[Data for this task]
----
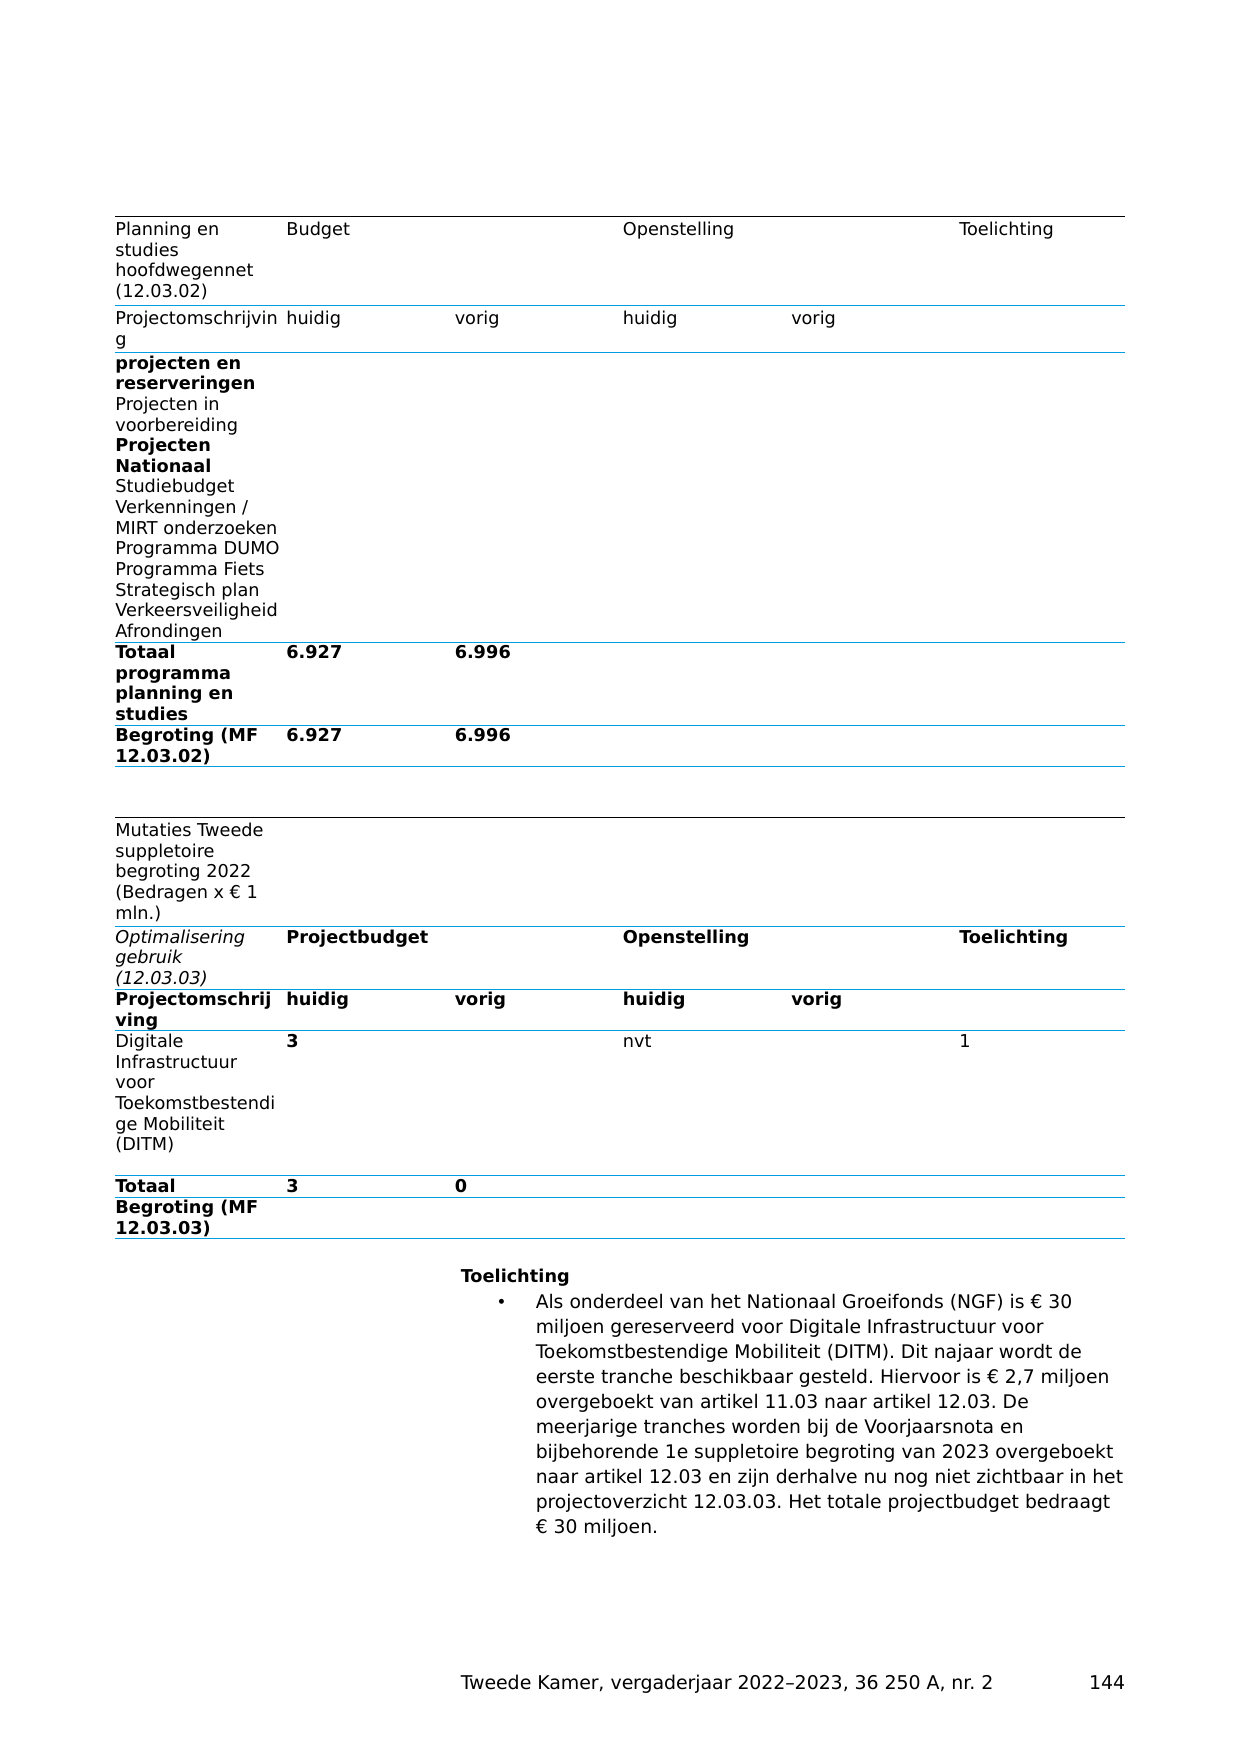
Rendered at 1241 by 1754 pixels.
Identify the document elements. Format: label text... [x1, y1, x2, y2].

table_cell [620, 353, 788, 394]
table_cell Openstelling [620, 217, 956, 304]
table_cell [956, 726, 1125, 766]
table_cell Mutaties Tweede suppletoire begroting 2022 (Bedragen x € 1 mln.) [115, 818, 283, 926]
table_cell [956, 990, 1125, 1030]
table_cell projecten en reserveringen [115, 353, 283, 394]
table_cell [283, 559, 452, 579]
table_cell [452, 435, 620, 476]
table_cell [620, 476, 788, 538]
table_cell [788, 818, 956, 926]
table_cell [283, 476, 452, 538]
table_cell huidig [283, 990, 452, 1030]
table_cell Optimalisering gebruik (12.03.03) [115, 927, 283, 989]
table_cell [788, 1176, 956, 1196]
table_cell 3 [283, 1031, 452, 1155]
table_cell [956, 306, 1125, 352]
table_cell huidig [620, 306, 788, 352]
table_cell 6.996 [452, 726, 620, 766]
table_cell [956, 538, 1125, 559]
table_cell [788, 1155, 956, 1175]
table_cell Studiebudget Verkenningen / MIRT onderzoeken [115, 476, 283, 538]
table_cell [283, 818, 452, 926]
table_cell nvt [620, 1031, 788, 1155]
table_cell Begroting (MF 12.03.02) [115, 726, 283, 766]
table_cell [788, 1031, 956, 1155]
table_cell [956, 1176, 1125, 1196]
table_cell vorig [788, 306, 956, 352]
table_cell [283, 435, 452, 476]
table_header Tabel 23 Projectoverzicht 12.03.02 Planning en studies (Bedragen x € 1 miljoen) [115, 191, 1125, 216]
table_cell 0 [452, 1176, 620, 1196]
table_cell [620, 726, 788, 766]
table_cell Projecten in voorbereiding [115, 394, 283, 435]
table_cell Totaal [115, 1176, 283, 1196]
text Toelichting [461, 1264, 1125, 1287]
table_cell Openstelling [620, 927, 956, 989]
table_cell 6.927 [283, 643, 452, 724]
table_cell [452, 1198, 620, 1238]
table_cell [956, 476, 1125, 538]
table_cell [788, 476, 956, 538]
table_cell [620, 1176, 788, 1196]
table_cell [956, 1155, 1125, 1175]
table_cell [788, 726, 956, 766]
table_cell [956, 394, 1125, 435]
table_cell [283, 621, 452, 641]
table_cell Totaal programma planning en studies [115, 643, 283, 724]
table_cell Programma Fiets [115, 559, 283, 579]
table_cell [452, 476, 620, 538]
table_cell [620, 1155, 788, 1175]
table_cell [788, 435, 956, 476]
table_cell Projectbudget [283, 927, 620, 989]
table_cell [452, 353, 620, 394]
table_cell [620, 559, 788, 579]
table_cell vorig [788, 990, 956, 1030]
table_cell Programma DUMO [115, 538, 283, 559]
table_cell [452, 818, 620, 926]
table_cell [788, 394, 956, 435]
table_cell [788, 353, 956, 394]
table_cell huidig [283, 306, 452, 352]
table_cell [956, 353, 1125, 394]
table_cell [956, 1198, 1125, 1238]
table_cell [452, 1031, 620, 1155]
table_cell [788, 538, 956, 559]
table_cell [620, 643, 788, 724]
table_cell 6.996 [452, 643, 620, 724]
table_cell 1 [956, 1031, 1125, 1155]
table_cell [283, 1155, 452, 1175]
table_cell [620, 1198, 788, 1238]
table_cell vorig [452, 306, 620, 352]
list Als onderdeel van het Nationaal Groeifonds (NGF) is € 30 miljoen gereserveerd voor Digitale Infrastructuur voor Toekomstbestendige Mobiliteit (DITM). Dit najaar wordt de eerste tranche beschikbaar gesteld. Hiervoor is € 2,7 miljoen overgeboekt van artikel 11.03 naar artikel 12.03. De meerjarige tranches worden bij de Voorjaarsnota en bijbehorende 1e suppletoire begroting van 2023 overgeboekt naar artikel 12.03 en zijn derhalve nu nog niet zichtbaar in het projectoverzicht 12.03.03. Het totale projectbudget bedraagt € 30 miljoen. [498, 1289, 1125, 1539]
table_cell Budget [283, 217, 620, 304]
table_cell [452, 559, 620, 579]
table_cell [956, 621, 1125, 641]
table_cell [956, 580, 1125, 621]
table_cell [788, 580, 956, 621]
table_cell [788, 1198, 956, 1238]
table_cell [283, 353, 452, 394]
table_cell Afrondingen [115, 621, 283, 641]
table_cell 3 [283, 1176, 452, 1196]
table_cell [620, 621, 788, 641]
table_cell [452, 621, 620, 641]
table_cell Projecten Nationaal [115, 435, 283, 476]
table_cell [283, 580, 452, 621]
table_cell [620, 580, 788, 621]
table_cell Digitale Infrastructuur voor Toekomstbestendige Mobiliteit (DITM) [115, 1031, 283, 1155]
table_cell [452, 538, 620, 559]
table_cell Begroting (MF 12.03.03) [115, 1198, 283, 1238]
table_cell Projectomschrijving [115, 990, 283, 1030]
table_cell [788, 621, 956, 641]
table_header Tabel 24 Projectoverzicht 12.03.03 Optimalisering gebruik (Bedragen x € 1 miljoen) [115, 792, 1125, 817]
table_cell [956, 435, 1125, 476]
table_cell [283, 538, 452, 559]
table_cell [452, 394, 620, 435]
table_cell [788, 559, 956, 579]
table_cell Planning en studies hoofdwegennet (12.03.02) [115, 217, 283, 304]
table_cell Toelichting [956, 217, 1125, 304]
table_cell [620, 538, 788, 559]
table_cell [956, 818, 1125, 926]
table_cell [956, 643, 1125, 724]
table_cell [620, 435, 788, 476]
table_cell [788, 643, 956, 724]
table_cell huidig [620, 990, 788, 1030]
table_cell vorig [452, 990, 620, 1030]
table_cell [452, 580, 620, 621]
table_cell 6.927 [283, 726, 452, 766]
table_cell [283, 394, 452, 435]
table_cell [620, 818, 788, 926]
table_cell [115, 1155, 283, 1175]
table_cell Projectomschrijving [115, 306, 283, 352]
table_cell [452, 1155, 620, 1175]
table_cell [956, 559, 1125, 579]
table_cell Strategisch plan Verkeersveiligheid [115, 580, 283, 621]
table_cell Toelichting [956, 927, 1125, 989]
table_cell [283, 1198, 452, 1238]
table_cell [620, 394, 788, 435]
----
A precise repetition of every entry, free of pictures, is the expected answer.

[Answer for this exercise]
Rendered at 1241 by 1754 pixels.
Identify the document elements. Format: label text... [x1, y1, x2, y2].

table_cell [620, 353, 788, 394]
table_cell Openstelling [620, 217, 956, 304]
table_cell [956, 726, 1125, 766]
table_cell Mutaties Tweede suppletoire begroting 2022 (Bedragen x € 1 mln.) [115, 818, 283, 926]
table_cell [956, 990, 1125, 1030]
table_cell projecten en reserveringen [115, 353, 283, 394]
table_cell [283, 559, 452, 579]
table_cell [452, 435, 620, 476]
table_cell [620, 476, 788, 538]
table_cell [788, 818, 956, 926]
table_cell [283, 476, 452, 538]
table_cell huidig [283, 990, 452, 1030]
table_cell Optimalisering gebruik (12.03.03) [115, 927, 283, 989]
table_cell [788, 1176, 956, 1196]
table_cell 3 [283, 1031, 452, 1155]
table_cell [956, 306, 1125, 352]
table_cell huidig [620, 306, 788, 352]
table_cell 6.996 [452, 726, 620, 766]
table_cell [956, 538, 1125, 559]
table_cell [788, 1155, 956, 1175]
table_cell Studiebudget Verkenningen / MIRT onderzoeken [115, 476, 283, 538]
table_cell [283, 818, 452, 926]
table_cell nvt [620, 1031, 788, 1155]
table_cell Begroting (MF 12.03.02) [115, 726, 283, 766]
table_cell [788, 1031, 956, 1155]
table_cell [956, 1176, 1125, 1196]
table_cell vorig [788, 306, 956, 352]
table_cell [283, 435, 452, 476]
table_header Tabel 23 Projectoverzicht 12.03.02 Planning en studies (Bedragen x € 1 miljoen) [115, 191, 1125, 216]
table_cell 0 [452, 1176, 620, 1196]
table_cell [620, 726, 788, 766]
table_cell Projecten in voorbereiding [115, 394, 283, 435]
table_cell Totaal [115, 1176, 283, 1196]
text Toelichting [461, 1264, 1125, 1287]
table_cell Openstelling [620, 927, 956, 989]
table_cell 6.927 [283, 643, 452, 724]
table_cell [452, 1198, 620, 1238]
table_cell [956, 476, 1125, 538]
table_cell [788, 476, 956, 538]
table_cell [620, 1176, 788, 1196]
table_cell [956, 1155, 1125, 1175]
table_cell [788, 726, 956, 766]
table_cell [956, 394, 1125, 435]
table_cell [283, 621, 452, 641]
table_cell Totaal programma planning en studies [115, 643, 283, 724]
table_cell Programma Fiets [115, 559, 283, 579]
table_cell [452, 476, 620, 538]
table_cell [620, 1155, 788, 1175]
table_cell [788, 435, 956, 476]
table_cell Projectbudget [283, 927, 620, 989]
table_cell [452, 353, 620, 394]
table_cell [620, 559, 788, 579]
table_cell vorig [788, 990, 956, 1030]
table_cell Programma DUMO [115, 538, 283, 559]
table_cell [452, 818, 620, 926]
table_cell [788, 394, 956, 435]
table_cell [788, 353, 956, 394]
table_cell huidig [283, 306, 452, 352]
table_cell [956, 353, 1125, 394]
table_cell [956, 1198, 1125, 1238]
table_cell [452, 1031, 620, 1155]
table_cell [788, 538, 956, 559]
table_cell [620, 643, 788, 724]
table_cell 6.996 [452, 643, 620, 724]
table_cell 1 [956, 1031, 1125, 1155]
table_cell [283, 1155, 452, 1175]
table_cell [620, 1198, 788, 1238]
table_cell vorig [452, 306, 620, 352]
list Als onderdeel van het Nationaal Groeifonds (NGF) is € 30 miljoen gereserveerd voor Digitale Infrastructuur voor Toekomstbestendige Mobiliteit (DITM). Dit najaar wordt de eerste tranche beschikbaar gesteld. Hiervoor is € 2,7 miljoen overgeboekt van artikel 11.03 naar artikel 12.03. De meerjarige tranches worden bij de Voorjaarsnota en bijbehorende 1e suppletoire begroting van 2023 overgeboekt naar artikel 12.03 en zijn derhalve nu nog niet zichtbaar in het projectoverzicht 12.03.03. Het totale projectbudget bedraagt € 30 miljoen. [498, 1289, 1125, 1539]
table_cell Budget [283, 217, 620, 304]
table_cell [452, 559, 620, 579]
table_cell [956, 621, 1125, 641]
table_cell [956, 580, 1125, 621]
table_cell [788, 580, 956, 621]
table_cell [788, 1198, 956, 1238]
table_cell [283, 353, 452, 394]
table_cell Afrondingen [115, 621, 283, 641]
table_cell 3 [283, 1176, 452, 1196]
table_cell [620, 621, 788, 641]
table_cell [452, 621, 620, 641]
table_cell Projecten Nationaal [115, 435, 283, 476]
table_cell [283, 580, 452, 621]
table_cell [620, 580, 788, 621]
table_cell Digitale Infrastructuur voor Toekomstbestendige Mobiliteit (DITM) [115, 1031, 283, 1155]
table_cell [452, 538, 620, 559]
table_cell Begroting (MF 12.03.03) [115, 1198, 283, 1238]
table_cell Projectomschrijving [115, 990, 283, 1030]
table_cell [788, 621, 956, 641]
table_header Tabel 24 Projectoverzicht 12.03.03 Optimalisering gebruik (Bedragen x € 1 miljoen) [115, 792, 1125, 817]
table_cell [956, 435, 1125, 476]
table_cell [283, 538, 452, 559]
table_cell [452, 394, 620, 435]
table_cell [788, 559, 956, 579]
table_cell Planning en studies hoofdwegennet (12.03.02) [115, 217, 283, 304]
table_cell Toelichting [956, 217, 1125, 304]
table_cell [620, 538, 788, 559]
table_cell [956, 818, 1125, 926]
table_cell [956, 643, 1125, 724]
table_cell [620, 435, 788, 476]
table_cell [788, 643, 956, 724]
table_cell huidig [620, 990, 788, 1030]
table_cell vorig [452, 990, 620, 1030]
table_cell [452, 580, 620, 621]
table_cell 6.927 [283, 726, 452, 766]
table_cell [283, 394, 452, 435]
table_cell [620, 818, 788, 926]
table_cell [115, 1155, 283, 1175]
table_cell Projectomschrijving [115, 306, 283, 352]
table_cell [452, 1155, 620, 1175]
table_cell [956, 559, 1125, 579]
table_cell Strategisch plan Verkeersveiligheid [115, 580, 283, 621]
table_cell Toelichting [956, 927, 1125, 989]
table_cell [283, 1198, 452, 1238]
table_cell [620, 394, 788, 435]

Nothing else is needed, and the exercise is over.